Трудности кремлевской педагогики
"Жизнь у нас столь гнусна и ужасна, что дорваться до власти — значит вырваться из нее, из этой жизни, и дорваться до жизни иной". Так писал Юрий Левитанский. Книга Лины Тарховой о потомках советских правителей исполнена экзистенциальной безнадежности: все скверно и по ту, и по сю сторону кремлевских стен.
Кремль представляет собой обширную крепость в центре Москвы с устойчиво-дурной репутацией. "Аура не та",— скажет современный мистик. Самые смачные истории, рассказывавшиеся о столице вообще и о Кремле в частности, датированы годами перестройки. Казалось, рассказано все: и чертежи секретного тридцатиэтажного подземного города близ университета опубликованы, и схема секретного метро, и планы кремлевских дворцов со всеми их тайными опочивальнями и суперсанузлами.
Но, однако, внезапный comeback в средневековье, который проделала советская власть, возвратив столицу в Москву, оказался почти неисчерпаемым источником сюжетов. К тому же живы свидетели и участники. Живы их дети. О сих последних и написала книгу Лина Тархова. Название объемистого тома — "Заложники Кремля" — настраивает на сочувственный лад.
Автор избрала для рассказа о сыновьях и дочерях несгибаемых вождей интонацию возвышенно-задушевную, странным образом подстраиваясь под тон прямой речи персонажей книги. В итоге все повествование сливается в исполинский мексиканский сериал с участием какого-то коллективного протагониста. Может быть, это дитя названного поэтом С. Гандлевским таинственного советского исполина Орджоникидзержинского.
Так героев воспитывали. "Особого достатка не было, но на книги средства находились всегда. Излишеств, какие я вижу в наше тяжелейшее время, когда сорят деньгами, роскошью калечат детей,— нам не позволялось никогда.
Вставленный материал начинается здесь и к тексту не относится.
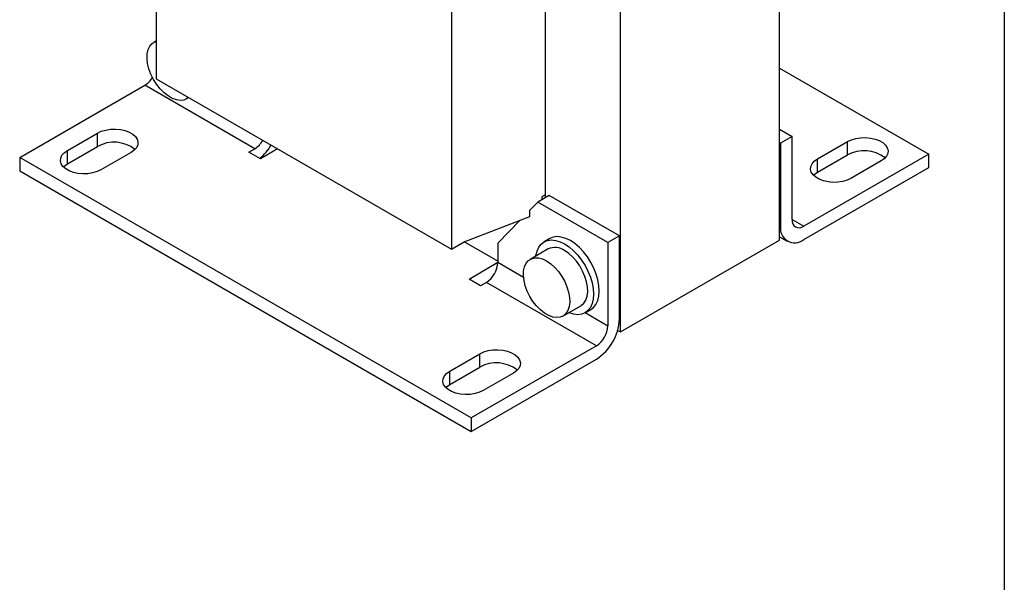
# Model space of a CAD drawing. Header units: millimetres. Extents: x 13 to 546, y 13 to 419.
# Tile 10 of 16: x 426 to 546, y 233 to 302. Entities that reach past the tile are written whole.
import ezdxf

# ---------------------------------------------------------------- set-up
doc = ezdxf.new("R2010")
doc.units = ezdxf.units.MM
doc.header["$LTSCALE"] = 2
doc.linetypes.add('SLD-Solid', pattern=[0])
doc.layers.add('TEXT', color=140, linetype='SLD-Solid', lineweight=25)

msp = doc.modelspace()

# ---------------------------------------------------------------- linework, layer by layer
for p, q in [((442.51, 315.371), (442.51, 294.923)), ((518.666, 275.205), (518.666, 316.033)), ((490.028, 308.481), (490.028, 280.383)), ((478.573, 305.133), (478.573, 274.104)), ((499.22, 263.979), (499.22, 304.807)), ((442.51, 299.541), (442.243, 299.386)), ((518.666, 296.227), (536.874, 285.716)), ((442.51, 294.923), (478.573, 274.104)), ((425.858, 285.308), (441.131, 294.125)), ((454.566, 286.369), (441.131, 294.125)), ((446.243, 292.458), (446.511, 292.613)), ((518.666, 288.759), (520.186, 287.881)), ((431.677, 286.153), (435.354, 288.275)), ((435.354, 286.642), (435.354, 288.275)), ((520.186, 287.881), (518.772, 287.065)), ((520.186, 277.715), (520.186, 287.881)), ((431.677, 284.52), (435.354, 286.642)), ((453.859, 285.961), (454.566, 286.369)), ((457.361, 286.35), (455.274, 285.144)), ((518.666, 287.126), (518.772, 287.065)), ((518.772, 287.065), (518.772, 276.899)), ((523.276, 285.116), (526.953, 287.239)), ((526.953, 285.606), (526.953, 287.239)), ((481.012, 253.468), (425.858, 285.308)), ((425.858, 285.308), (425.858, 283.675)), ((431.677, 284.52), (431.677, 286.153)), ((439.456, 285.908), (435.779, 283.785)), ((455.274, 285.144), (453.859, 285.961)), ((536.874, 285.716), (521.6, 276.899)), ((523.276, 283.483), (526.953, 285.606)), ((523.276, 283.483), (523.276, 285.116)), ((536.874, 284.083), (536.874, 285.716)), ((521.6, 275.266), (536.874, 284.083)), ((531.054, 284.871), (527.377, 282.748)), ((425.858, 283.675), (481.012, 251.835)), ((490.53, 280.672), (489.116, 279.856)), ((489.674, 280.513), (490.028, 280.717)), ((489.674, 280.179), (489.674, 280.513)), ((499.114, 275.717), (490.53, 280.672)), ((489.116, 279.856), (488.154, 278.857)), ((497.7, 274.9), (489.116, 279.856)), ((480.128, 275.002), (488.154, 278.091)), ((488.154, 278.091), (488.154, 278.857)), ((486.982, 277.64), (484.265, 274.818)), ((518.772, 276.899), (518.666, 276.96)), ((520.186, 277.715), (521.6, 276.899)), ((490.604, 275.393), (489.897, 274.984)), ((499.114, 275.717), (497.7, 274.9)), ((499.114, 265.551), (499.114, 275.717)), ((518.666, 275.607), (519.6, 275.068)), ((478.573, 274.104), (480.128, 275.002)), ((484.265, 272.613), (480.127, 275.002)), ((484.265, 274.818), (484.265, 272.49)), ((497.7, 274.9), (497.7, 264.735)), ((499.22, 263.979), (518.666, 275.205)), ((490.397, 274.118), (488.205, 272.853)), ((480.729, 270.449), (484.265, 272.49)), ((484.265, 272.49), (487.39, 270.686)), ((482.144, 269.633), (480.729, 270.449)), ((482.851, 270.041), (482.144, 269.633)), ((496.286, 262.285), (482.851, 270.041)), ((492.204, 265.924), (494.397, 267.19)), ((494.896, 266.324), (495.604, 266.732)), ((494.922, 266.338), (497.7, 264.735)), ((498.896, 264.166), (499.22, 263.979)), ((496.286, 262.285), (481.012, 253.468)), ((478.375, 259.195), (482.052, 261.318)), ((482.052, 259.685), (482.052, 261.318)), ((481.012, 251.835), (496.286, 260.652)), ((478.375, 257.562), (482.052, 259.685)), ((478.375, 257.562), (478.375, 259.195)), ((486.153, 258.95), (482.476, 256.827)), ((481.012, 253.468), (481.012, 251.835))]:
    msp.add_line(p, q)
at = {"flags": 128}
for points in [[(446.479, 292.631), (446.287, 292.485), (445.905, 292.32), (445.47, 292.271), (444.995, 292.339), (444.496, 292.523), (443.989, 292.815), (443.49, 293.208), (443.016, 293.688), (442.58, 294.239), (442.198, 294.845), (441.882, 295.485), (441.642, 296.14), (441.485, 296.787), (441.417, 297.407), (441.44, 297.978), (441.553, 298.484), (441.752, 298.908), (442.031, 299.235), (442.382, 299.456), (442.51, 299.504)], [(435.354, 288.275), (435.826, 288.496), (436.366, 288.655), (436.951, 288.745), (437.557, 288.763), (438.156, 288.709), (438.722, 288.583), (439.23, 288.393), (439.659, 288.145), (439.989, 287.852), (440.206, 287.525), (440.301, 287.179), (440.269, 286.83), (440.112, 286.492), (439.837, 286.18), (439.456, 285.908)], [(526.953, 287.239), (527.424, 287.459), (527.964, 287.618), (528.55, 287.708), (529.155, 287.727), (529.754, 287.672), (530.32, 287.546), (530.829, 287.356), (531.257, 287.108), (531.588, 286.815), (531.805, 286.488), (531.9, 286.142), (531.868, 285.793), (531.711, 285.455), (531.436, 285.143), (531.054, 284.871)], [(435.779, 283.785), (435.307, 283.565), (434.767, 283.406), (434.182, 283.315), (433.576, 283.297), (432.977, 283.352), (432.411, 283.477), (431.903, 283.668), (431.474, 283.915), (431.144, 284.209), (430.927, 284.536), (430.832, 284.881), (430.864, 285.231), (431.021, 285.569), (431.296, 285.881), (431.677, 286.153)], [(527.377, 282.748), (526.906, 282.528), (526.366, 282.369), (525.78, 282.279), (525.175, 282.26), (524.576, 282.315), (524.01, 282.44), (523.502, 282.631), (523.073, 282.879), (522.743, 283.172), (522.525, 283.499), (522.431, 283.845), (522.462, 284.194), (522.619, 284.532), (522.895, 284.844), (523.276, 285.116)], [(431.196, 284.152), (431.296, 284.248), (431.677, 284.52)], [(522.795, 283.116), (522.895, 283.211), (523.276, 283.483)], [(495.604, 266.732), (495.929, 266.977), (496.229, 267.349), (496.45, 267.813), (496.588, 268.359), (496.639, 268.973), (496.602, 269.639), (496.477, 270.34), (496.267, 271.059), (495.979, 271.779), (495.619, 272.48), (495.196, 273.146), (494.72, 273.76), (494.204, 274.307), (493.661, 274.772), (493.104, 275.145), (492.547, 275.416), (492.003, 275.578), (491.487, 275.626), (491.012, 275.561), (490.604, 275.393)], [(488.897, 273.252), (488.905, 273.309), (489.034, 273.857), (489.247, 274.326), (489.536, 274.705), (489.897, 274.984), (490.319, 275.157), (490.792, 275.218), (491.304, 275.168), (491.844, 275.006), (492.397, 274.737), (492.95, 274.367), (493.489, 273.906), (494.002, 273.365), (494.475, 272.757), (494.897, 272.098), (495.257, 271.403), (495.547, 270.689), (495.759, 269.975), (495.889, 269.277), (495.932, 268.613)], [(490.205, 272.655), (490.71, 272.311), (491.199, 271.873), (491.655, 271.355), (492.066, 270.774), (492.416, 270.149), (492.695, 269.499), (492.895, 268.845), (493.007, 268.209), (493.03, 267.611), (492.962, 267.07), (492.805, 266.604), (492.565, 266.227), (492.249, 265.951), (491.867, 265.787), (491.432, 265.738), (490.957, 265.806), (490.458, 265.989), (489.951, 266.282), (489.452, 266.675), (488.977, 267.154), (488.542, 267.706), (488.16, 268.312), (487.844, 268.952), (487.604, 269.606), (487.447, 270.254), (487.379, 270.873), (487.402, 271.445), (487.515, 271.951), (487.714, 272.374), (487.993, 272.702), (488.344, 272.923), (488.754, 273.03), (489.211, 273.02), (489.7, 272.894), (490.205, 272.655)], [(494.397, 267.19), (494.441, 267.217), (494.757, 267.492), (494.998, 267.869), (495.154, 268.335), (495.222, 268.876), (495.2, 269.475), (495.087, 270.111), (494.887, 270.764), (494.608, 271.414), (494.258, 272.039), (493.847, 272.62), (493.391, 273.138), (492.902, 273.576), (492.397, 273.92)], [(495.932, 268.613), (495.889, 268), (495.759, 267.451), (495.547, 266.982), (495.257, 266.603), (494.897, 266.324), (494.475, 266.151), (494.002, 266.09), (493.489, 266.141), (492.95, 266.302), (492.896, 266.324)], [(482.052, 261.318), (482.523, 261.538), (483.063, 261.697), (483.649, 261.787), (484.254, 261.806), (484.853, 261.751), (485.419, 261.625), (485.927, 261.435), (486.356, 261.187), (486.686, 260.894), (486.904, 260.567), (486.998, 260.221), (486.967, 259.872), (486.81, 259.534), (486.534, 259.222), (486.153, 258.95)], [(482.476, 256.827), (482.005, 256.607), (481.465, 256.448), (480.879, 256.358), (480.274, 256.339), (479.675, 256.394), (479.109, 256.52), (478.6, 256.71), (478.172, 256.958), (477.841, 257.251), (477.624, 257.578), (477.529, 257.924), (477.561, 258.273), (477.718, 258.611), (477.993, 258.923), (478.375, 259.195)], [(477.894, 257.195), (477.993, 257.29), (478.375, 257.562)]]:
    msp.add_lwpolyline(points, dxfattribs=at)
for centre, radius, start, end in [((439.626, 296.546), 2.851, 301.8761, 329.08392), ((453.046, 288.81), 2.876, 301.9326, 330.5442), ((437.371, 283.032), 4.135, 51.64744, 119.1881), ((451.095, 289.951), 6.29, 310.75836, 330.13141), ((528.97, 281.996), 4.135, 51.64744, 119.1881), ((520.496, 276.619), 1.747, 170.78596, 309.20329), ((521.048, 277.576), 0.873, 170.78596, 309.20329), ((491.232, 272.358), 1.948, 53.3008, 115.38874), ((481.195, 272.63), 3.074, 302.60548, 357.39452), ((492.973, 265.83), 6.147, 302.60548, 357.39452), ((494.63, 264.874), 3.074, 302.60548, 357.39452), ((484.068, 256.075), 4.135, 51.64744, 119.1881)]:
    msp.add_arc(centre, radius, start, end)
at = {"layer": 'TEXT'}
msp.add_line((546.1, 419.1), (546.1, 12.7), dxfattribs=at)

doc.saveas('drawing.dxf')

Основное, за что я благодарен родителям: они старались привить мне чувство ответственности перед домом".
Так они женились. "Эти двое так молоды и красивы, что хочется думать — их соединила не принадлежность к страшному клану, а молодость и любовь. И прямая, соединившая два загадочных дома на одной улице, была как бы предначертана им судьбой".
Что же за дома? О, знаменитые дома! "На Садовое кольцо выходит высокий каменный забор, из-за которого не видно приземистого дома. Проходя мимо забора, москвичи прибавляли шаг и помалкивали".
Три цитаты взяты, соответственно, из воспоминаний Серго Берии, книги Лины Тарховой и мемуаров Алексея Аджубея. Чтобы картина роковых страстей была полней, а поступь судьбы звучала гуще — еще цитата, из Степана Микояна, о досугах молодых кремлевчан: "Однажды в компании оказался какой-то моряк с фронта. Когда все были сильно под градусом, в разговоре кто-то сказал, что Леонид очень меткий стрелок. На спор моряк предложил Леониду сбить выстрелом бутылку с его головы. Леонид отказывался, но потом все-таки выстрелил и отбил у бутылки горлышко. Моряк счел это недостаточным. Леонид снова выстрелил и попал моряку в лоб".
Автор "Заложников Кремля" смотрит на своих персонажей как бы изнутри того социального слоя, к которому они принадлежат. И, натурально, сталкивается с известным парадоксом светского хроникера: чтобы тебя читали, ты должен издеваться над героями. Но ты должен их восхвалять, чтобы тебя продолжали приглашать на рауты и обеды. То же и с кремлевскими детьми: как соблюсти пиетет по отношению к описываемым и не раздражать (заведомо предубежденного против номенклатурного потомства) читателя? Этот выбор в терминах жанровых выглядит так — либо сплетни и анекдоты, либо публицистика типа "детям воздается за дела отцов".
Сочетать такое, наверное, невозможно. Будем честны: есть задачи, которые под силу художественной литературе и не разрешимы расхожими средствами журналистики. "Дом на набережной" или "Школа для дураков" вполне убедительно рассказывают про жизнь в условиях тирании. Еще современней — эпопеи, сведенные в клипы, работы Дмитрия Добродеева "Рассказы об испорченных сердцах".
Там коротко и ясно, так: "Явившись на ковер к отцу, старлей потупил очи.— Ты мне не сын,— сказал генерал Катушкин,— ты мот и извращенец: квартира, дача и машина достанутся брату Яшке.— За что? — хотел сказать старлей, но понял, что лучше ни хрена не говорить".